The resolution of January 20th by its terms shows that the board was fully apprised of the nature of the drought-relief program. It authorizes the employment and payment from county funds of two employees to add to the force of the county agent’s office to do the work entailed upon the office by that program. It evidences that the county board knew of that program, that it was operating in the county, that the county was receiving benefits from it, and was hiring employees to- do the work entailed by the operation of that program. It shows that the board intended to accept the benefits consequent to the county upon acceptance of that program, and, in connection with the resolutions of April 19th and July 18th, compels the inferences of fact that the county board intended to and did accept the benefits of that program. The county board intended to adopt the drought-relief program, and understood that it had adopted *523it and was liable, for injuries to workers “on various drought-relief projects.” It knowingly accepted the benefits accruing to the county from the acceptance of that program by having drought-relief orders worked out on county projects. Knowingly and purposely accepting the benefits resulting to the county from the operation of the drought program imposed assumption of the responsibilities consequent upon its acceptance, and one of the responsibilities was payment of compensation to workmen as provided by the Workmen’s Compensation Act. We are of opinion that the county is clearly estopped from claiming that it is exempt from the responsibilities consequent upon adoption of the drought-relief program because it did not by formal resolution expressly adopt that program. That a private individual would be held es-topped under like circumstances from repudiating the responsibilities attached to the acceptance of benefits which he had purposely and knowingly accepted there would seem to be no doubt. The doctrine of estoppel applies to municipalities as well as individuals. State ex rel. Knapp v. Pohle, 185 Wis. 610, 614, 202 N. W. 148, cited in our 1935 opinion herein; Milwaukee E. R. & L. Co. v. Milwaukee, 209 Wis. 668, 672, 245 N. W. 860.
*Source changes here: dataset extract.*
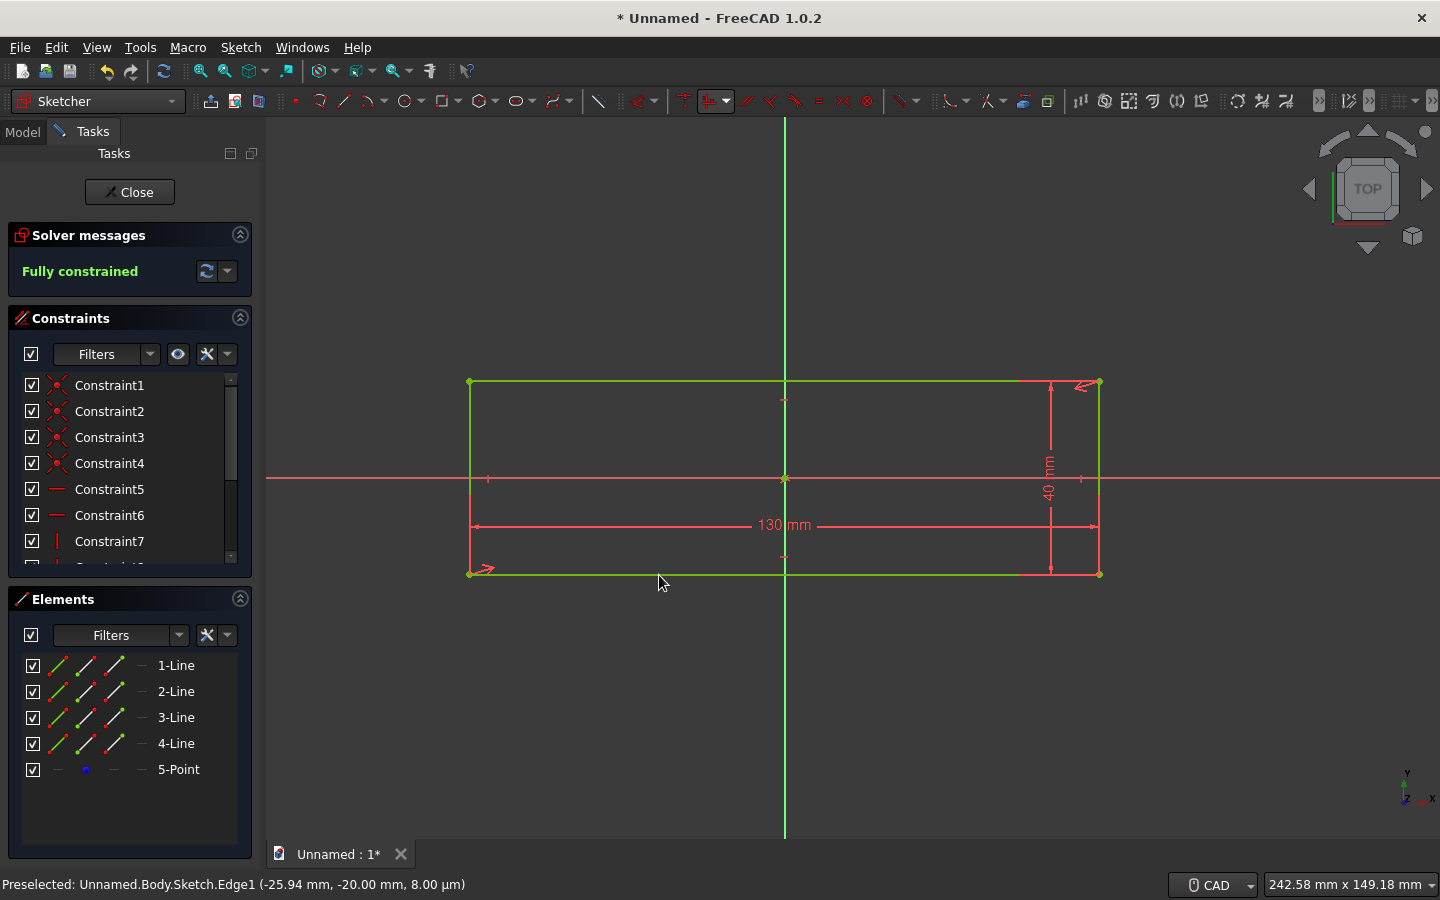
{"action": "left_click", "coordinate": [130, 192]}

The contention of the respondents that the resolution of July 18th constituted a ratification of the acts of its highway committee and highway commissioner referred to in our 1935 opinion, is perhaps not well taken. Respondents’ contention is based chiefly on MacLeod v. Washburn, 178 Wis. 379, 190 N. W. 124. But, as pointed out in Shulse v. Mayville, 223 Wis. 624, 271 N. W. 643, in the MacLeod Case, while the act of the council therein involved was treated by the court as a ratification, it was really an acceptance of benefits. If strictly construed, the resolution of July 18th was not a ratification of the acts of the highway officials of the county under the rule of the Shulse Case, that where there is *524no formal ratification there is none at all, there was here an acceptance of benefits. This in that case rendered the city liable for the compensation imposed by law from that acceptance. Here compensation under the Workmen’s Compensation Act is imposed by law by acceptance by the county of the benefits accruing to it from the working out of drought-relief contracts on county roads. The responsibility follows, not from ratifying the agreement of the county highway committee referred to in the 1935 opinion, but by operation of law from accepting the benefits of work for which the committee agreed to take out workmen’s compensation insurance.

The appellant strenuously contends, as heretofore, that the son of the applicants was not an employee of the county but of the federal emergency relief administration. That contention is ruled against it by our decision in Sauk County v. Industrial Comm., ante, p. 179, 273 N. W. 515. He was as plainly an employee of the county as was the deceased there involved.

By the Court. — The original mandate herein is vacated, and a mandate substituted affirming the judgment of the circuit court confirming the award.

Fritz, J., dissents from decision subsequent to rehearing.

A motion to modify the mandate was denied, without costs, on December 7, 1937.